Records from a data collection

^^^^^^^^

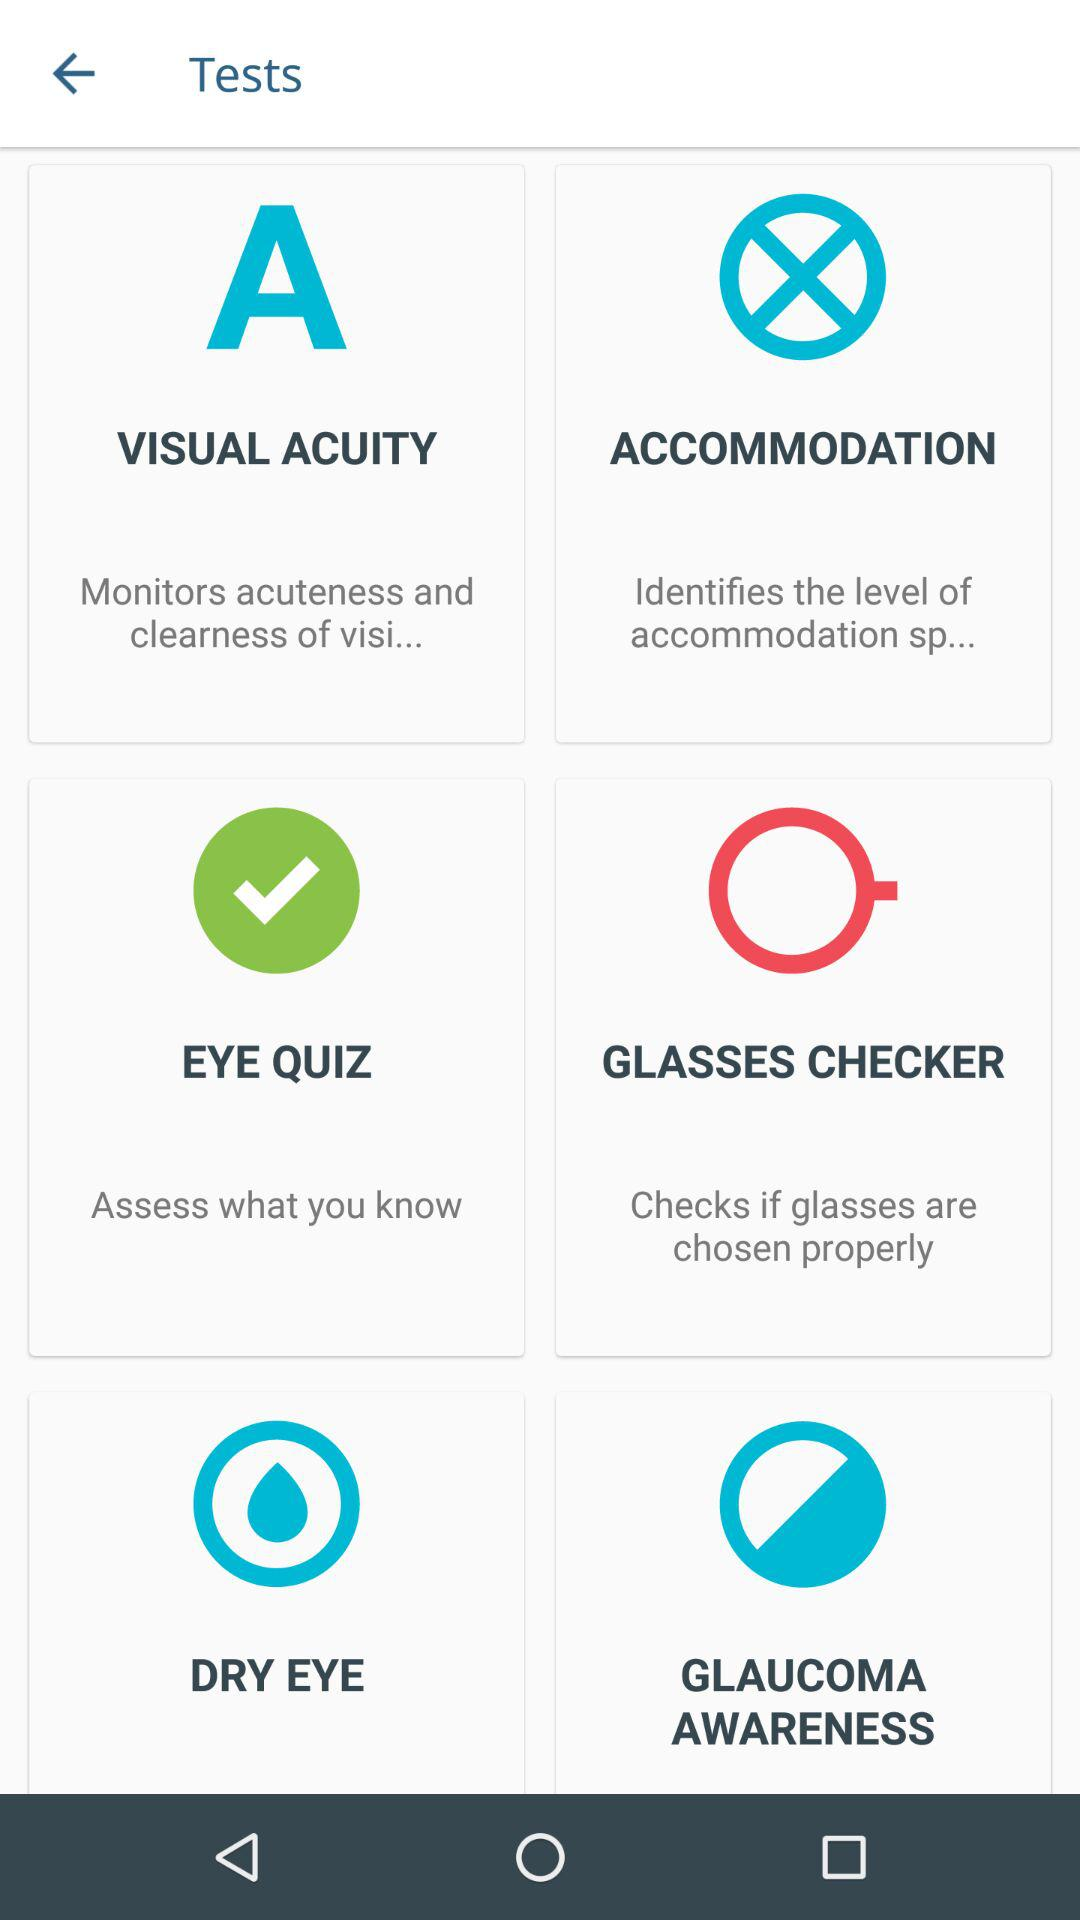What different tests are available? The available tests are "Visual Acuity", "Accommodation", "Eye Quiz", "Glasses Checker", "Dry Eye" and "Glaucoma Awareness". 
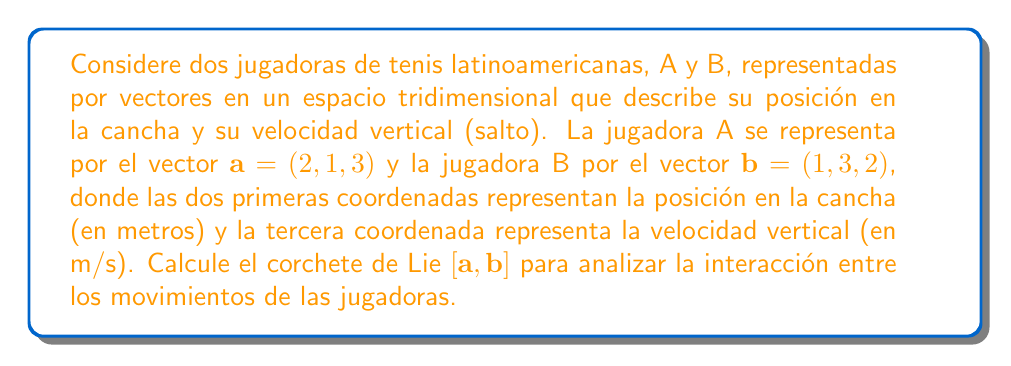Show me your answer to this math problem. Para calcular el corchete de Lie de dos vectores en $\mathbb{R}^3$, utilizamos la fórmula del producto cruz:

$[\mathbf{a}, \mathbf{b}] = \mathbf{a} \times \mathbf{b}$

Donde $\times$ denota el producto cruz en tres dimensiones.

El producto cruz se calcula de la siguiente manera:

$$\mathbf{a} \times \mathbf{b} = \begin{vmatrix} 
\mathbf{i} & \mathbf{j} & \mathbf{k} \\
a_1 & a_2 & a_3 \\
b_1 & b_2 & b_3
\end{vmatrix}$$

Donde $\mathbf{i}$, $\mathbf{j}$, y $\mathbf{k}$ son los vectores unitarios en las direcciones x, y, y z respectivamente.

Sustituyendo los valores dados:

$$[\mathbf{a}, \mathbf{b}] = \begin{vmatrix} 
\mathbf{i} & \mathbf{j} & \mathbf{k} \\
2 & 1 & 3 \\
1 & 3 & 2
\end{vmatrix}$$

Calculando los componentes:

1) $i: (1)(2) - (3)(3) = 2 - 9 = -7$
2) $j: (2)(2) - (1)(1) = 4 - 1 = 3$
3) $k: (2)(3) - (1)(1) = 6 - 1 = 5$

Por lo tanto, el corchete de Lie es:

$[\mathbf{a}, \mathbf{b}] = (-7, 3, 5)$

Este resultado representa la interacción entre los movimientos de las jugadoras A y B. El componente negativo en x indica un movimiento opuesto en esa dirección, mientras que los componentes positivos en y y z sugieren movimientos similares en esas direcciones.
Answer: $[\mathbf{a}, \mathbf{b}] = (-7, 3, 5)$ 
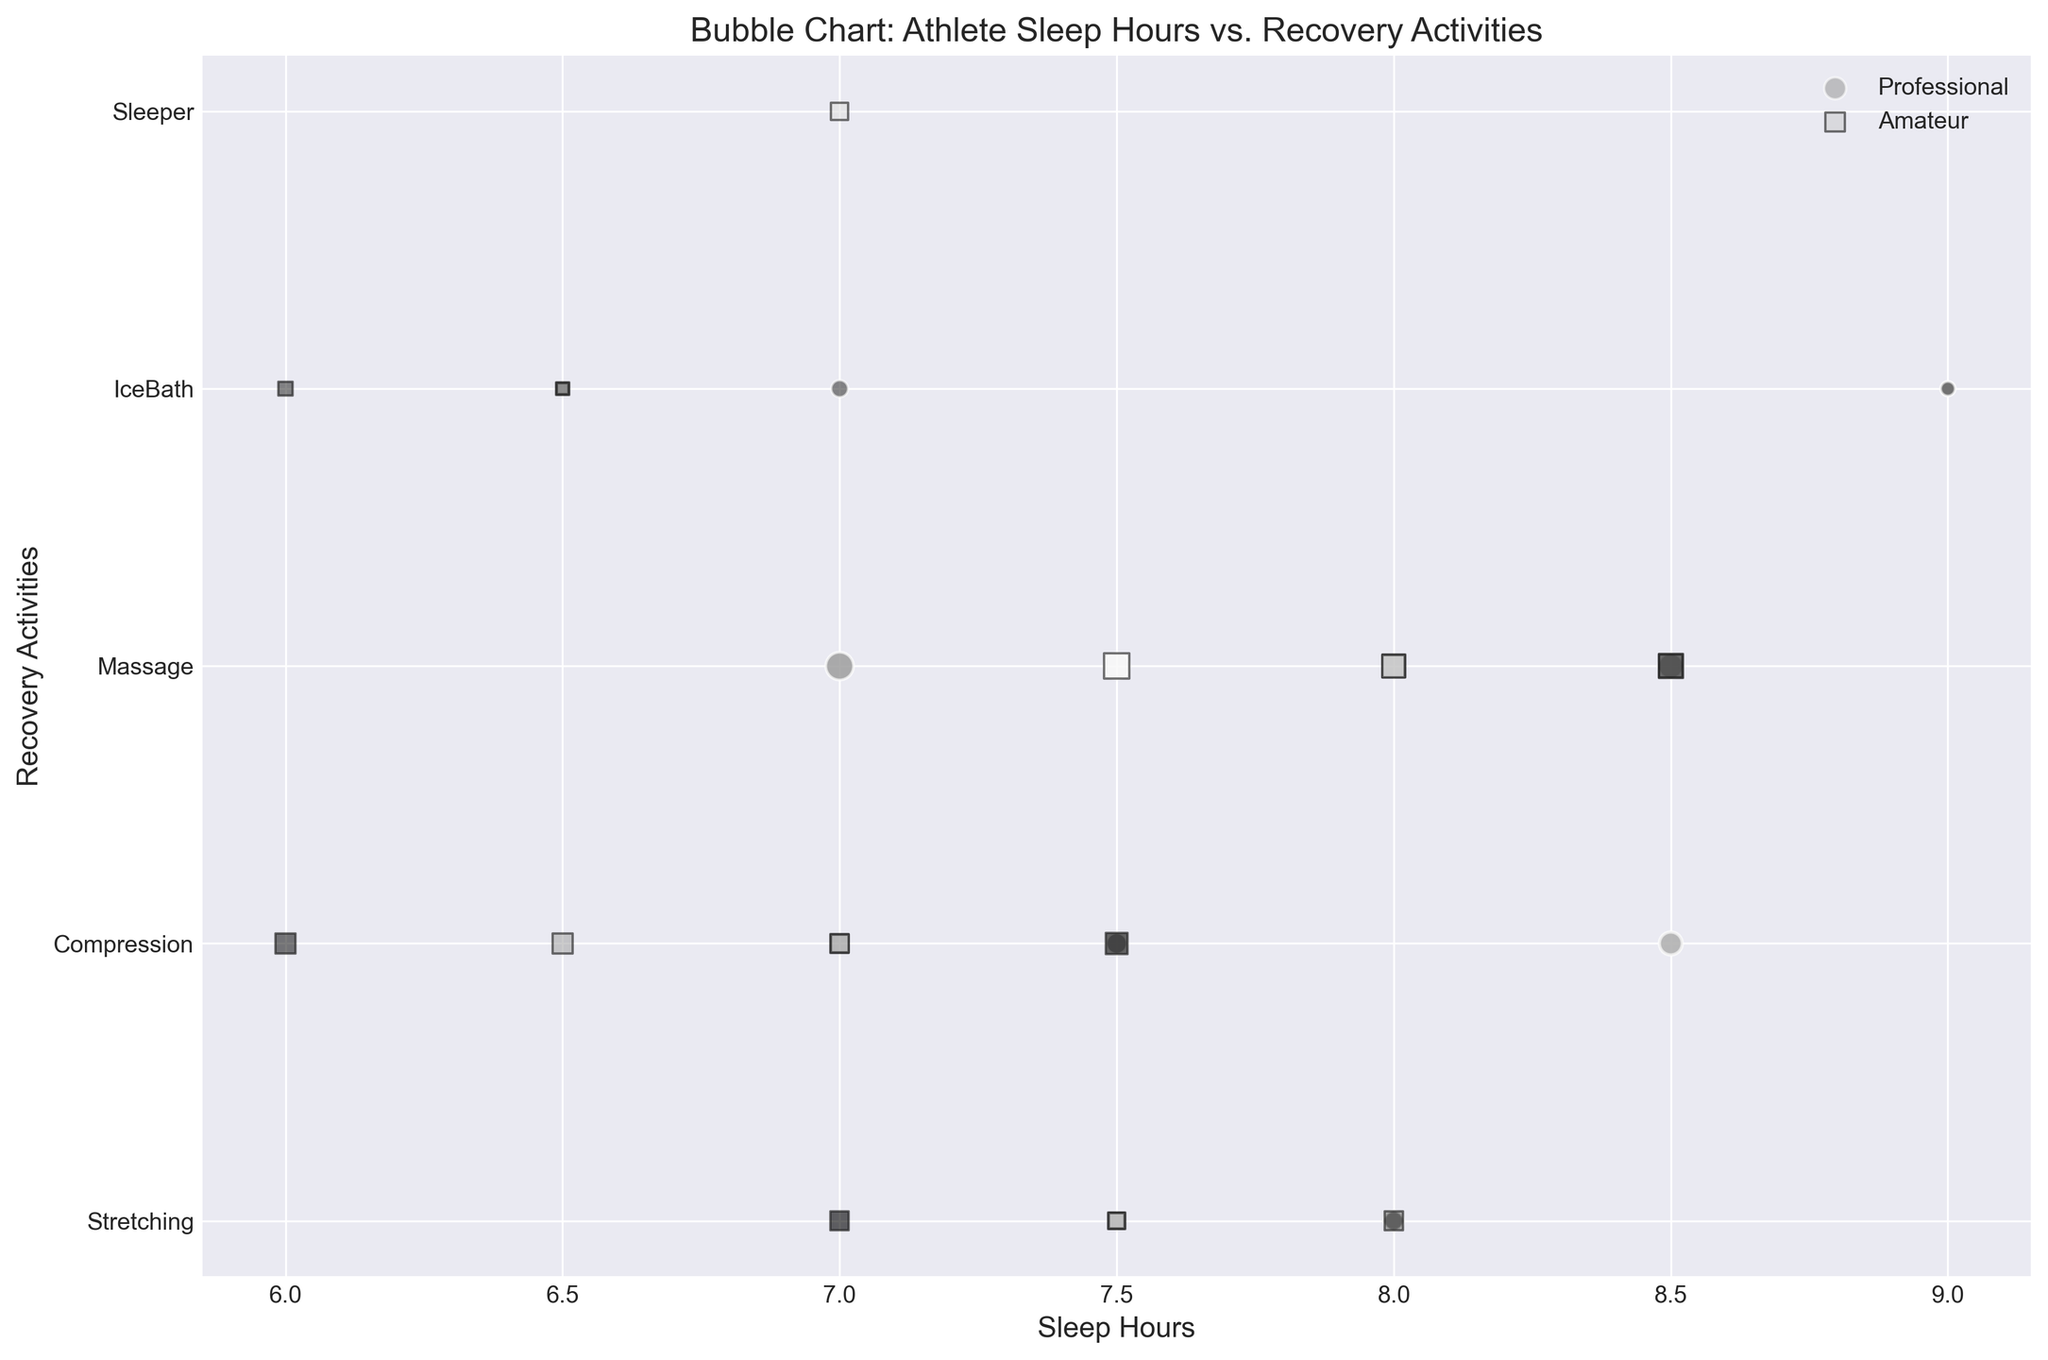What is the difference in average recovery time between professional and amateur athletes? To find the average recovery time for both groups, sum their recovery times and divide by the number of entries. For professionals: (30+45+60+20+25+50+70+15+35+40+55+25+28+42+65+18+34+38)=695. There are 18 entries, so 695/18 = 38.61. For amateurs: (20+30+45+10+25+35+50+15+30+40+55+12+30+28+47+17+22+36+44+26)=587. There are 20 entries, so 587/20 = 29.35. The difference is 38.61 - 29.35 = 9.26
Answer: 9.26 Which group, professional or amateur athletes, has more uniform distribution of sleep hours? From the plot, the sleep hours for professionals mostly range from 7 to 9, and for amateurs, they range from 6 to 8.5. A quick visual check shows the professional athletes have a more concentrated sleep range.
Answer: Professional What's the most common recovery activity among professional athletes? By counting the frequency of recovery activities for professionals in the plot, "Stretching" appears most frequently.
Answer: Stretching Which group is more likely to use ice baths, professionals or amateurs? By examining the sizes and occurrences of bubbles labeled "IceBath" in both professional and amateur groups, professionals have more and larger bubbles.
Answer: Professional What's the total recovery time spent on massage by amateur athletes? Summing the recovery times for "Massage" among amateurs in the figure: 45 + 50 + 55 + 47 + 44 = 241
Answer: 241 Are there any professional athletes who sleep less than 7 hours? Checking the sleep hours for professional athletes, it starts from 7 hours and above, so there are no professionals sleeping less than 7 hours.
Answer: No Do professional athletes spend more time on stretching or compression on average? For professionals, summing up "Stretching" and "Compression" recovery times and dividing by frequency: Stretching - (30+25+35+28+34) = 152/5 = 30.4; Compression - (45+50+40+42+38) = 215/5 = 43.
Answer: Compression What is the total recovery time spent by professionals and amateurs combined? Sum all recovery times for both groups: 695 (professional) + 587 (amateur) = 1282
Answer: 1282 Which activity has the largest average recovery time for amateurs? Calculate average for each activity among amateurs: Stretching (20+25+30+22) = 97/4 = 24.25, Compression (30+35+40+36) = 141/4 = 35.25, Massage (45+50+55+47+44) = 241/5 = 48.2, IceBath (10+15+12+17) = 54/4 = 13.5. Massage has the highest average.
Answer: Massage Is there any overlap in sleep hours for the two groups? Checking the ranges: professionals (7-9) and amateurs (6-8.5). Overlap occurs between 7 and 8.5 hours.
Answer: Yes

^^^^^^^^

Nothing but the lines from the first line of the data through the line with "Show me your" belongs in the answer, copied exactly and without pictures.

• _RESULT FOR THIS TASK_:
What different tests are available? The available tests are "Visual Acuity", "Accommodation", "Eye Quiz", "Glasses Checker", "Dry Eye" and "Glaucoma Awareness". 
Show me your answer to this math problem. Para calcular el corchete de Lie de dos vectores en $\mathbb{R}^3$, utilizamos la fórmula del producto cruz:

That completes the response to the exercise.